Back in September, India's hopes for a historic first ended — inconclusively.

High hopes had been riding on its Chandrayaan-2 orbiter. The spacecraft was sending a landing vehicle down to the moon — an operation that, if successful, would be the first robotic mission at the moon's unexplored south pole and that would make India only the fourth country in history to make a moon landing.

Unfortunately, it was not to be. At the time, the Indian Space Research Organisation didn't offer much explanation for the operation's failure besides an ill-timed loss of contact, adding little more than a terse, "Data is being analyzed."

Now, the Indian government has offered its first conclusive statement on the incident, in a brief report responding to a lawmaker's question last Wednesday: Put simply, the Vikram lander's braking thrusters malfunctioned, and it crashed.

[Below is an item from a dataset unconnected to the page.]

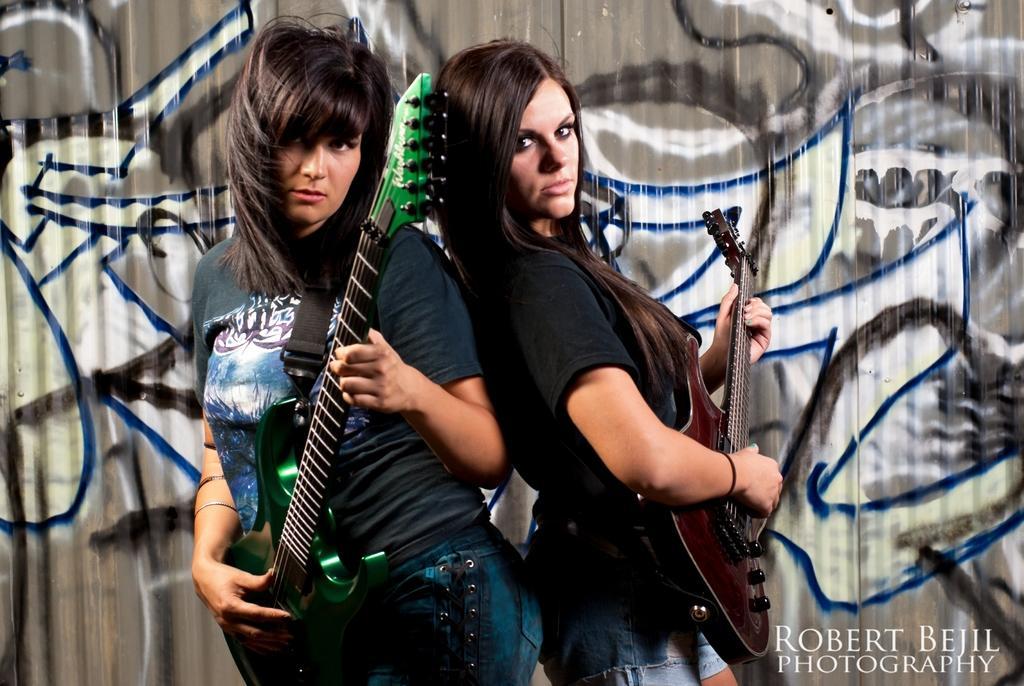Please provide a concise description of this image. this is the picture of of a two women holding a guitar and standing on the stage. Behind the women's there's a wall and the wall is painted.

"During the second phase of descent, the reduction in velocity was more than the designed value. Due to this deviation, the initial conditions at the start of the fine braking phase were beyond the designed parameters," said Jitendra Singh, minister of state for the Department of Space, the ISRO's parent department. "As a result, Vikram hard landed within 500 m of the designated landing site."

Singh did not clarify what caused the malfunction in the lander's landing system.

The statement is believed to be the first formal acknowledgment by India's government that the craft crashed. In the ISRO's previous public updates on Vikram — the latest on its website was released back on Sept. 10, several days after the intended landing date — the agency noted only that it had located the lander but had made "no communication with it yet."

In his explanation last week, Singh was careful to add that officials have had success with the rest of the Chandrayaan-2 craft, which continues to collect information during its orbit around the moon.

"Most of the components of Technology demonstration, including the launch, orbital critical maneuvers, lander separation, de-boost and rough braking phase were successfully accomplished," the minister said. "With regards to the scientific objectives, all the 8 state of the art scientific instruments of the Orbiter are performing as per the design and providing valuable scientific data."

Still, the failed landing is a disappointment for the Chandrayaan-2 project, whose total cost Singh estimated at upward of $135 million.

But it's not the only such disappointment recently. Just months earlier, a private Israeli project muffed its own attempt to land a robotic craft on the moon, with the probe apparently losing its main engine and contact with its earthbound controllers in the final moments of its descent.